- Problem to work on -
Beneath this instruction is a listing; print exactly the lines in it starting at the line that contains "0.089 20 4 1" and going through the line that contains "- laptop [2,102,693,767]".

- Information -
-.-.-

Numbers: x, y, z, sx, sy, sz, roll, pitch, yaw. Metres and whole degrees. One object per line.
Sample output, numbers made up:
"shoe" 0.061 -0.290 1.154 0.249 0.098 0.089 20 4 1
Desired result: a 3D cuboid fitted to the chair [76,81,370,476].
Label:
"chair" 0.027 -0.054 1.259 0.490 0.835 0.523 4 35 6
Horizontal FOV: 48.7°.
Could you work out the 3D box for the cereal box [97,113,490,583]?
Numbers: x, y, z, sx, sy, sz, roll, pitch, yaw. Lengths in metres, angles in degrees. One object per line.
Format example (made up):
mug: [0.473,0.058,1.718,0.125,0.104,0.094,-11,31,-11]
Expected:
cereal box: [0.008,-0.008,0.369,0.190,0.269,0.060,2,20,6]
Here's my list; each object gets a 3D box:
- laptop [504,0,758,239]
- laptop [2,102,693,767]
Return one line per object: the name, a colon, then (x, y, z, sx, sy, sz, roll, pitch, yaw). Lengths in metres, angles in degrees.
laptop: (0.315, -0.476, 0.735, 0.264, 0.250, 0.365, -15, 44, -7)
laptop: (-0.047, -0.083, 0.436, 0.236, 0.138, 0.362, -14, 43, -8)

-.-.-

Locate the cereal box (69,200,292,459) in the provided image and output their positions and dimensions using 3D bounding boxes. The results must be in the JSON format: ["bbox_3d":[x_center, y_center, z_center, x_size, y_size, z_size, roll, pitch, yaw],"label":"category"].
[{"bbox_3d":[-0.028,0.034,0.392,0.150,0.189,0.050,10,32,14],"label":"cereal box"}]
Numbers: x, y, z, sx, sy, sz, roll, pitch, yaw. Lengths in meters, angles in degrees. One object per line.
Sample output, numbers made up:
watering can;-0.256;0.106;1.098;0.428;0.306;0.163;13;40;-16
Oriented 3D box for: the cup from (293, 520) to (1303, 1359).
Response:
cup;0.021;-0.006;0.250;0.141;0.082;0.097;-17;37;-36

-.-.-

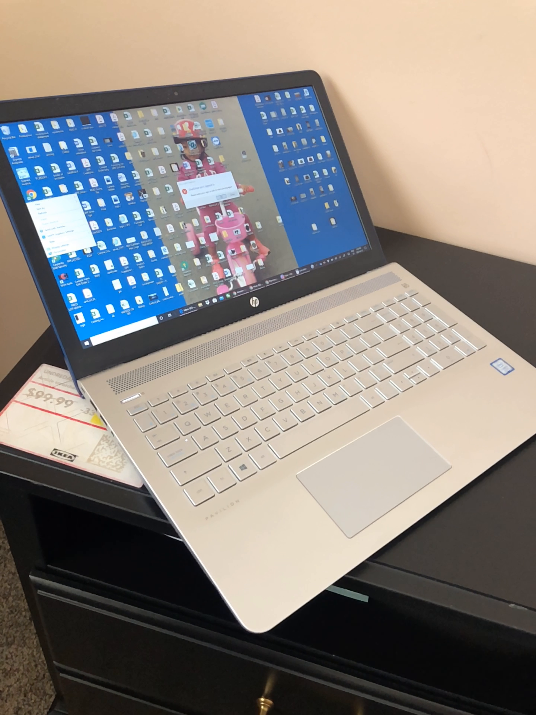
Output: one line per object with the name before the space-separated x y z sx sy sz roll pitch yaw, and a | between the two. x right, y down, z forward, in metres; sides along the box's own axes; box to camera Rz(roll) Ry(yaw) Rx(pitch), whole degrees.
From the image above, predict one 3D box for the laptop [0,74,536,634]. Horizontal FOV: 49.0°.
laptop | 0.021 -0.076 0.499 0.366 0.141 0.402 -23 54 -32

-.-.-

- Problem solution -
"shoe" 0.061 -0.290 1.154 0.249 0.098 0.089 20 4 1
Desired result: a 3D cuboid fitted to the chair [76,81,370,476].
Label:
"chair" 0.027 -0.054 1.259 0.490 0.835 0.523 4 35 6
Horizontal FOV: 48.7°.
Could you work out the 3D box for the cereal box [97,113,490,583]?
Numbers: x, y, z, sx, sy, sz, roll, pitch, yaw. Lengths in metres, angles in degrees. One object per line.
Format example (made up):
mug: [0.473,0.058,1.718,0.125,0.104,0.094,-11,31,-11]
Expected:
cereal box: [0.008,-0.008,0.369,0.190,0.269,0.060,2,20,6]
Here's my list; each object gets a 3D box:
- laptop [504,0,758,239]
- laptop [2,102,693,767]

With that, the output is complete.